Plausibility judgments
One of the primary forces that guides story-building is plausibility. For each state transition, from State-0 to State-N, the reasoner gages the plausibility of that transition.
Our notion of plausibility is psychological, not philosophical, linguistic or computational. Plausibility judgments entail plausibility gaps that need to be filled in. These plausibility gaps stimulate curiosity. People search for additional information that will fill in the gaps.
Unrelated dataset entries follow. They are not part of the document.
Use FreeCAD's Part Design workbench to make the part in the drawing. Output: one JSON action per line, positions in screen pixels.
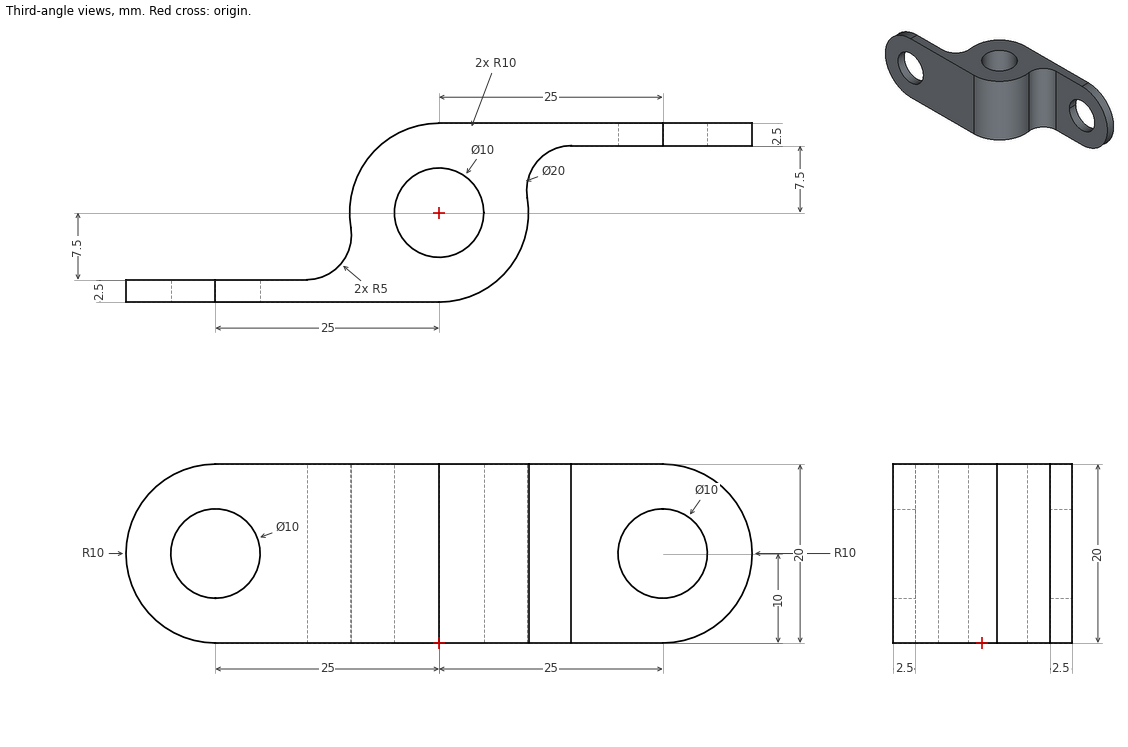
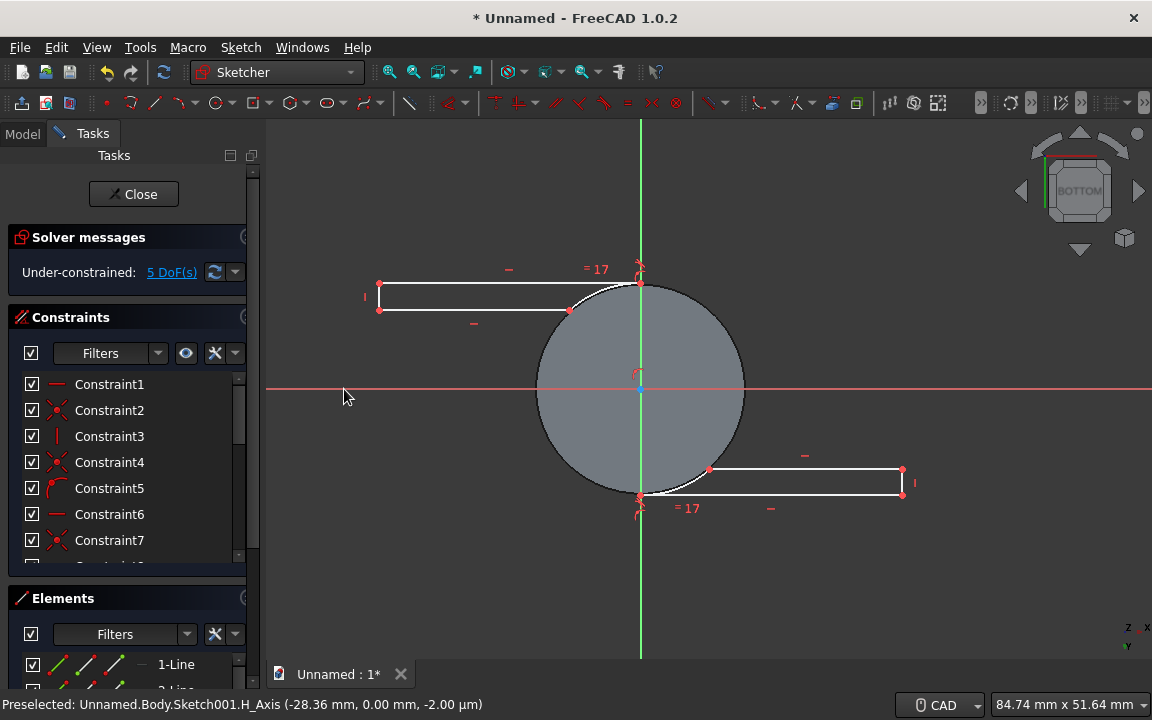
{"action": "left_click", "coordinate": [448, 104]}
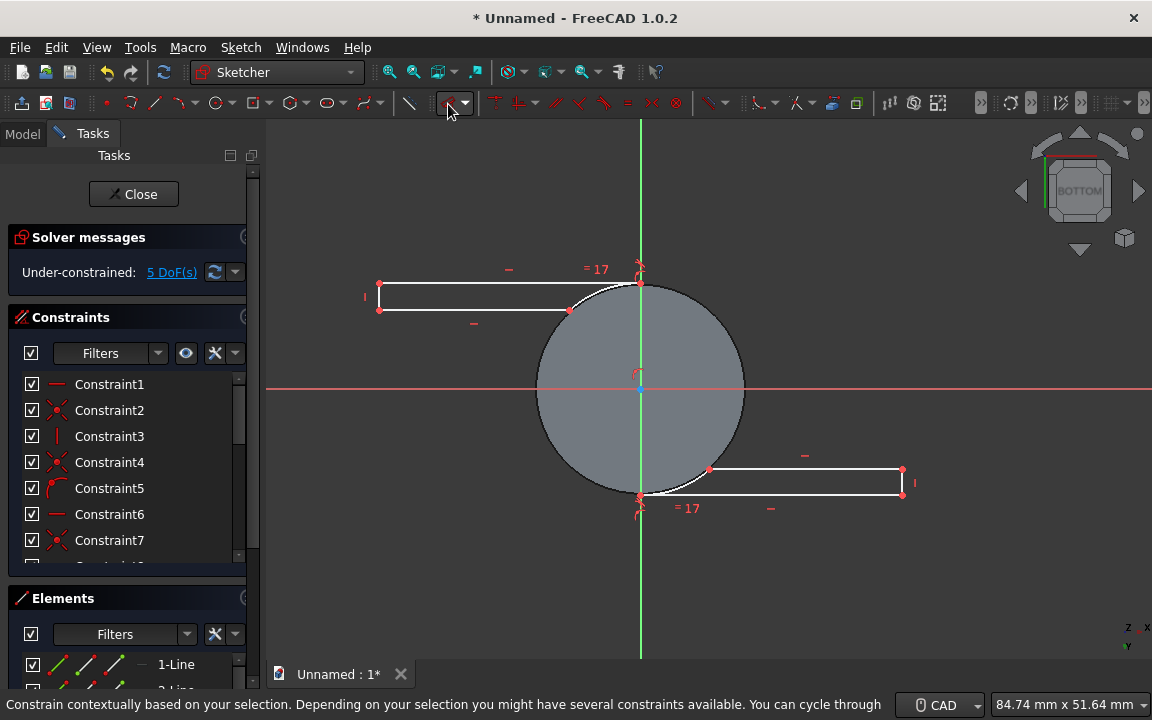
{"action": "left_click", "coordinate": [691, 482]}
{"action": "left_click", "coordinate": [706, 510]}
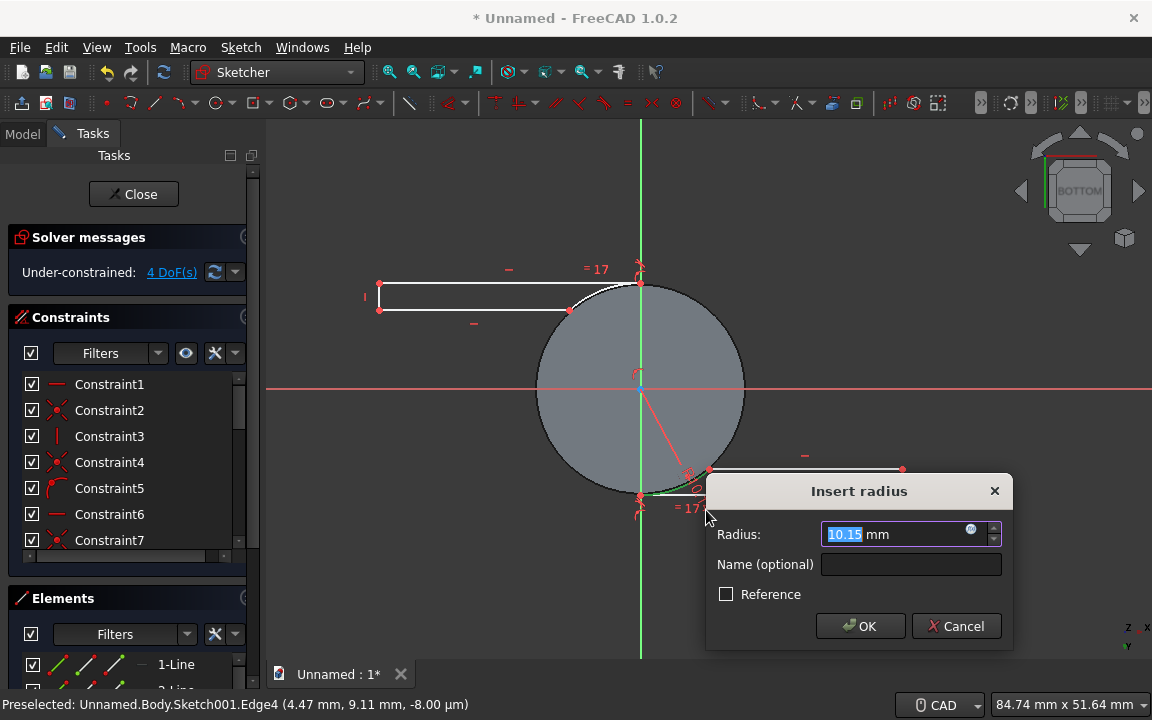
{"action": "type", "text": "10"}
{"action": "key", "text": "Return"}
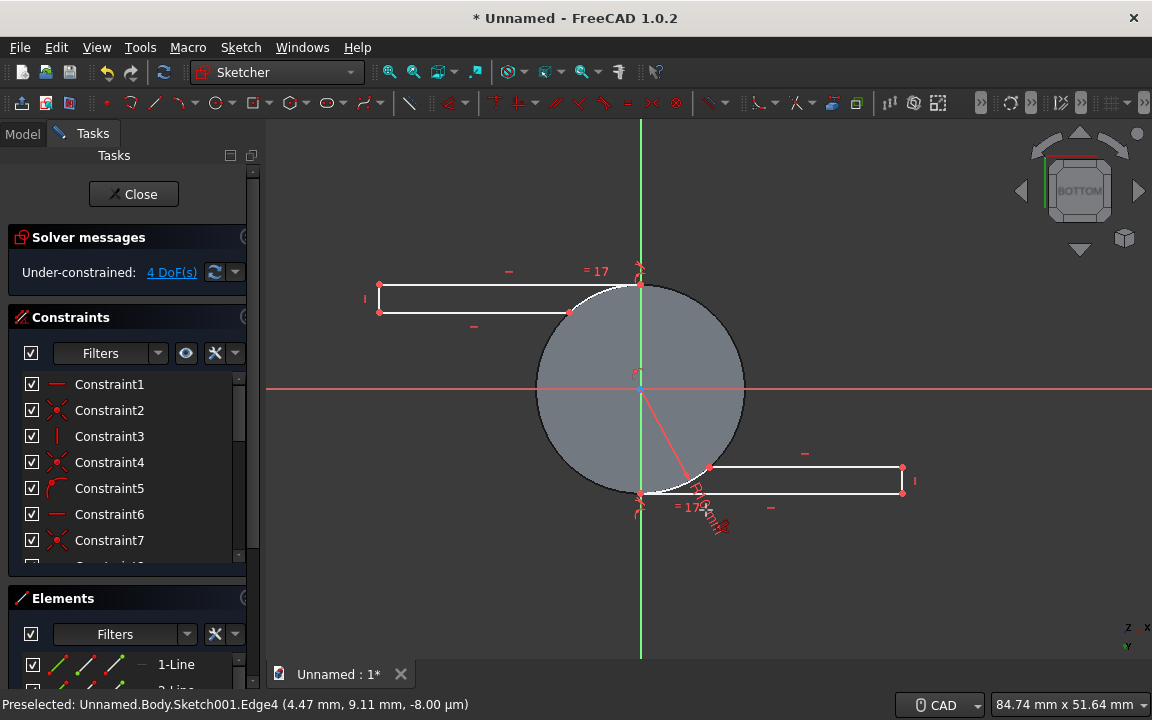
{"action": "left_click", "coordinate": [824, 494]}
{"action": "left_click", "coordinate": [831, 528]}
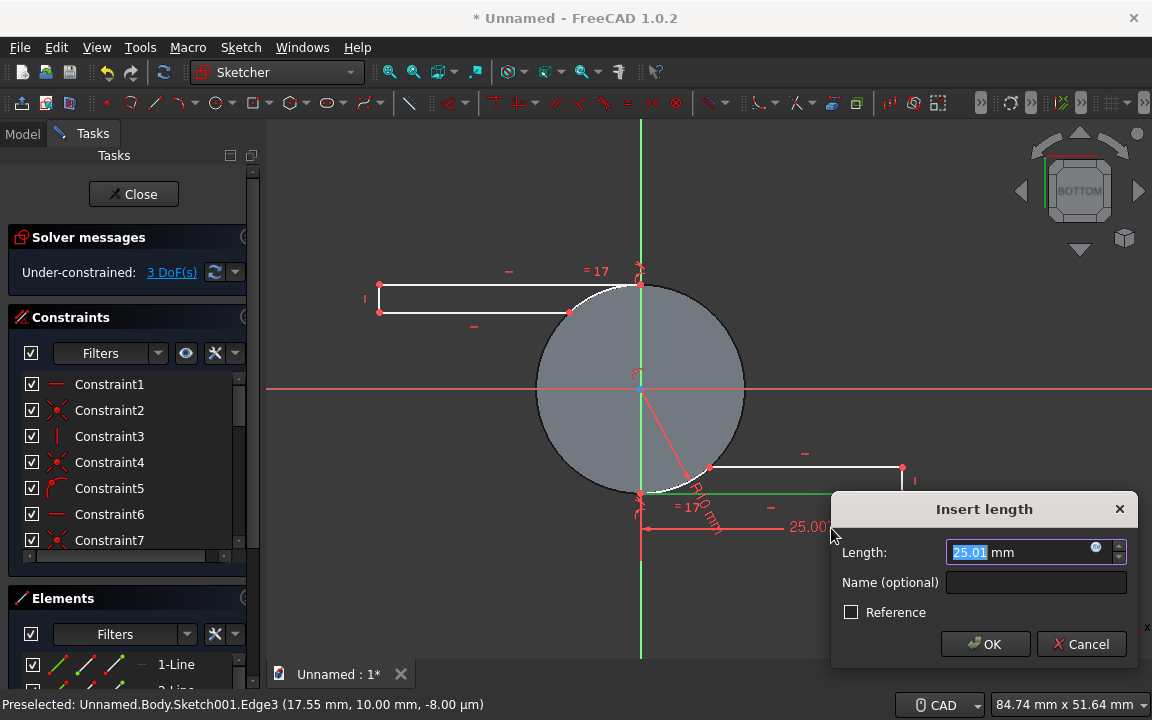
{"action": "type", "text": "25"}
{"action": "key", "text": "Return"}
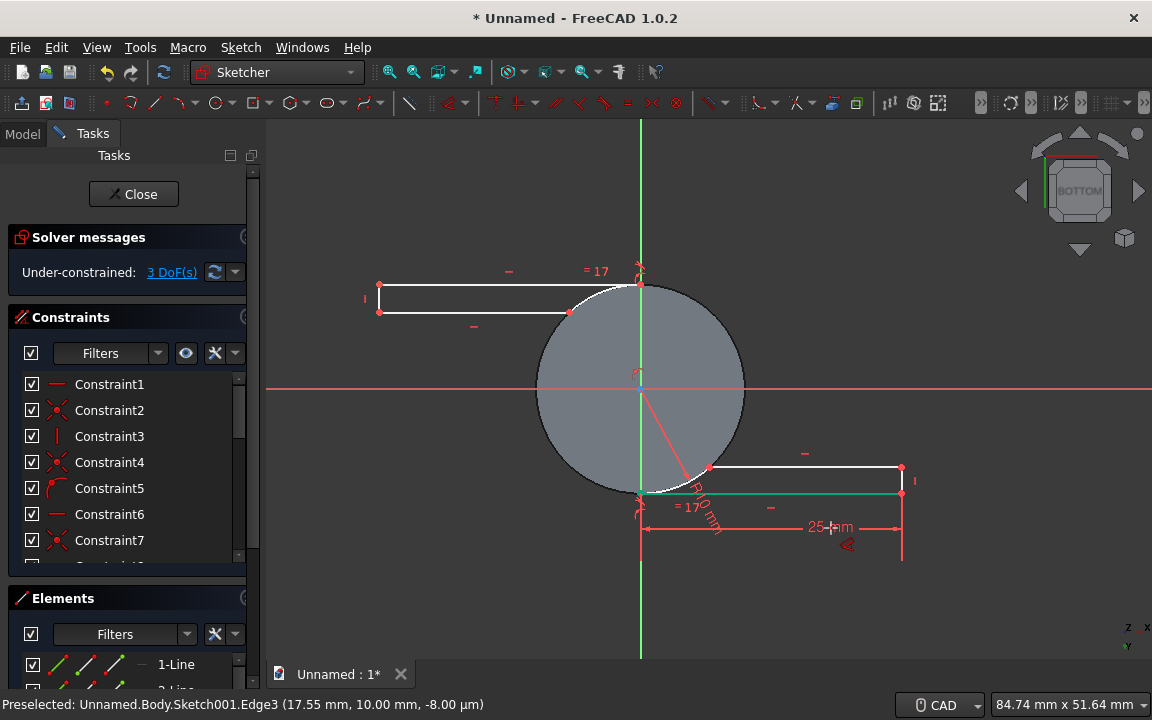
{"action": "left_click", "coordinate": [457, 285]}
{"action": "left_click", "coordinate": [510, 251]}
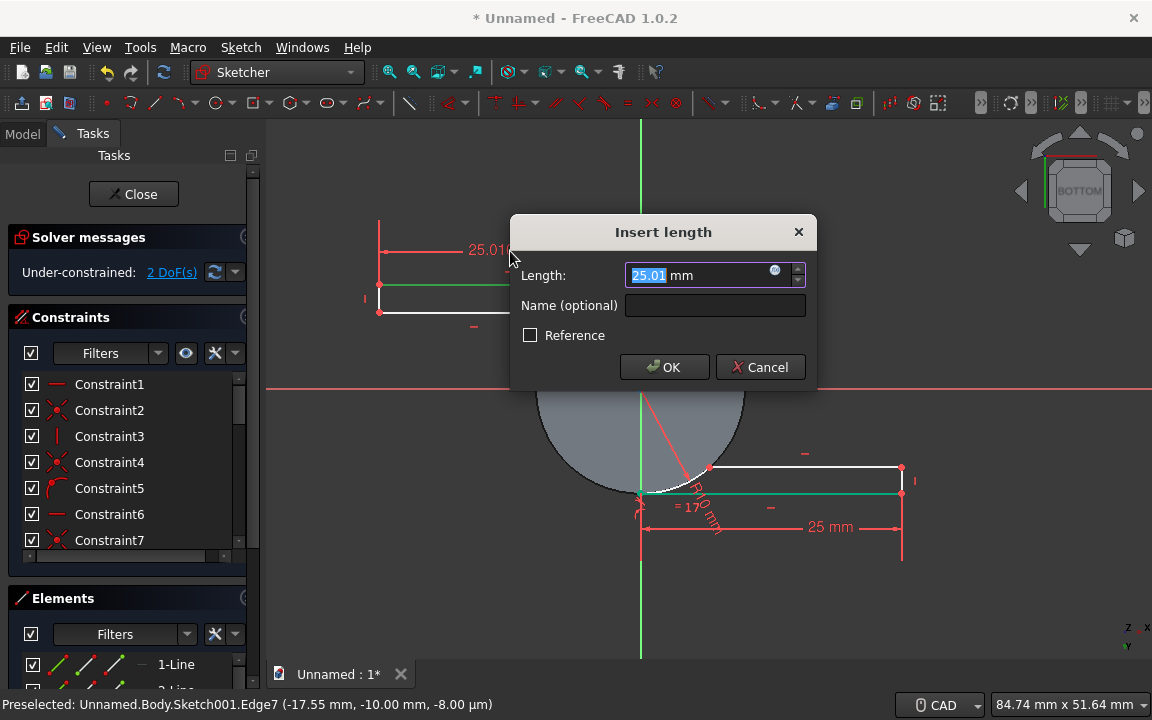
{"action": "type", "text": "25"}
{"action": "key", "text": "Return"}
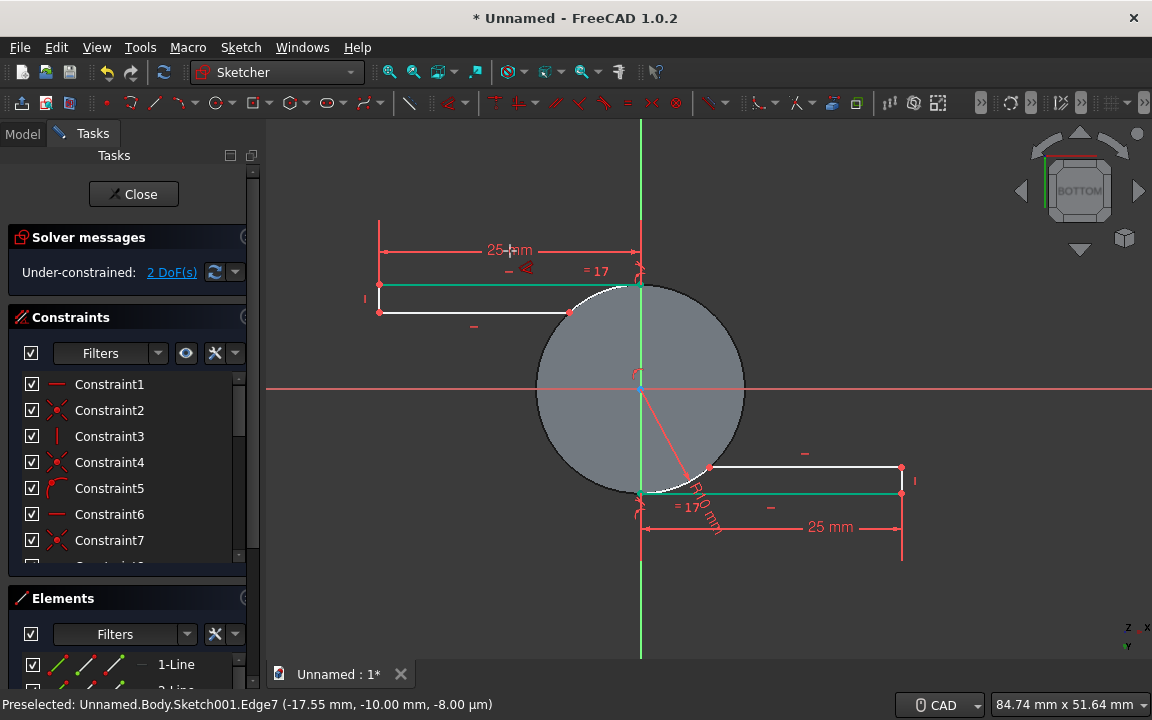
{"action": "scroll", "coordinate": [902, 478], "scroll_direction": "up", "scroll_amount": 3}
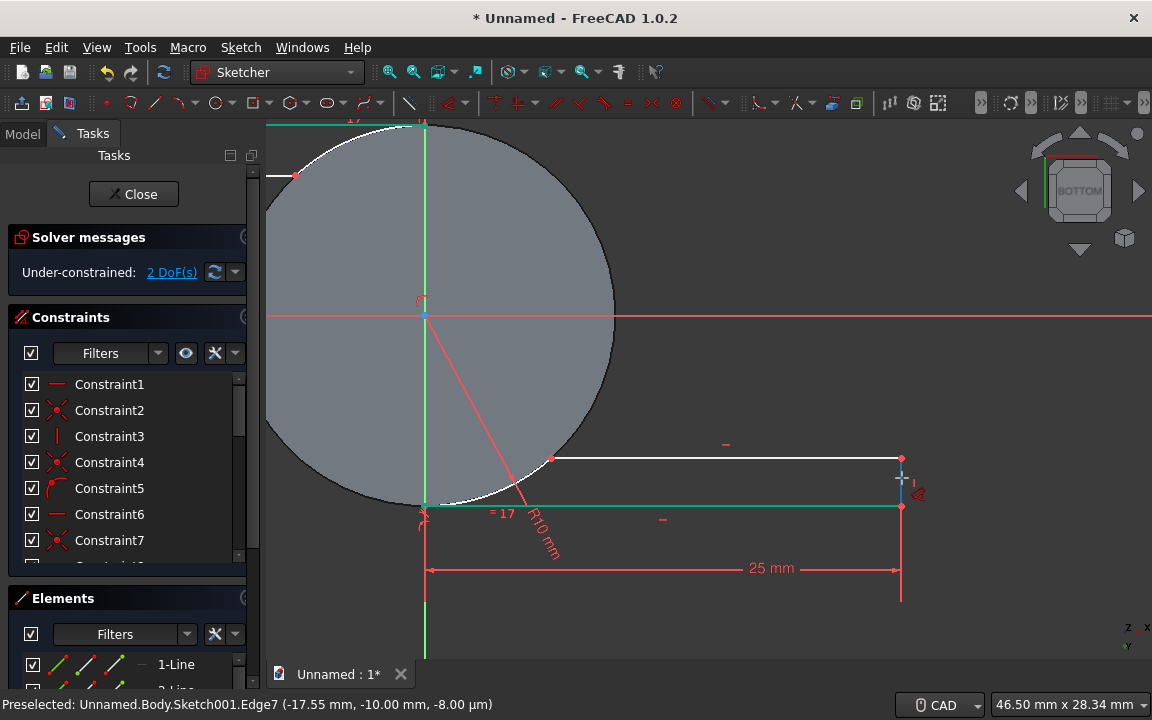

In addition, plausibility judgments operate at a second level shown in Figure 2–assessing the efforts to fill the plausibility gaps within the state transitions. People try to fill the gaps by making assumptions–a key part of the explaining process. If the plausibility gaps cannot be satisfactorily filled, confidence in the story is reduced or even lost. People may shift into a “snap-back” mode, as described by Cohen et al. (1997). During an incident, if the initial diagnosis is wrong, the anomalies will persist and increase. So, the effort of explaining away the anomalies and filling the gaps becomes greater and greater, either because there are more and more anomalies to explain away, or because the effort at explaining away is just too great. At that point, people become skeptical of the story and start searching for an alternative story, or they become more receptive to an alternative story that they had been dismissing. Conversely, when it is easy to build the mental simulation of how the state transitions work, people tend to judge those transitions as plausible. This is discussed in the judgment and decision-making literature as the simulation heuristic (Kahneman and Tversky, 1984).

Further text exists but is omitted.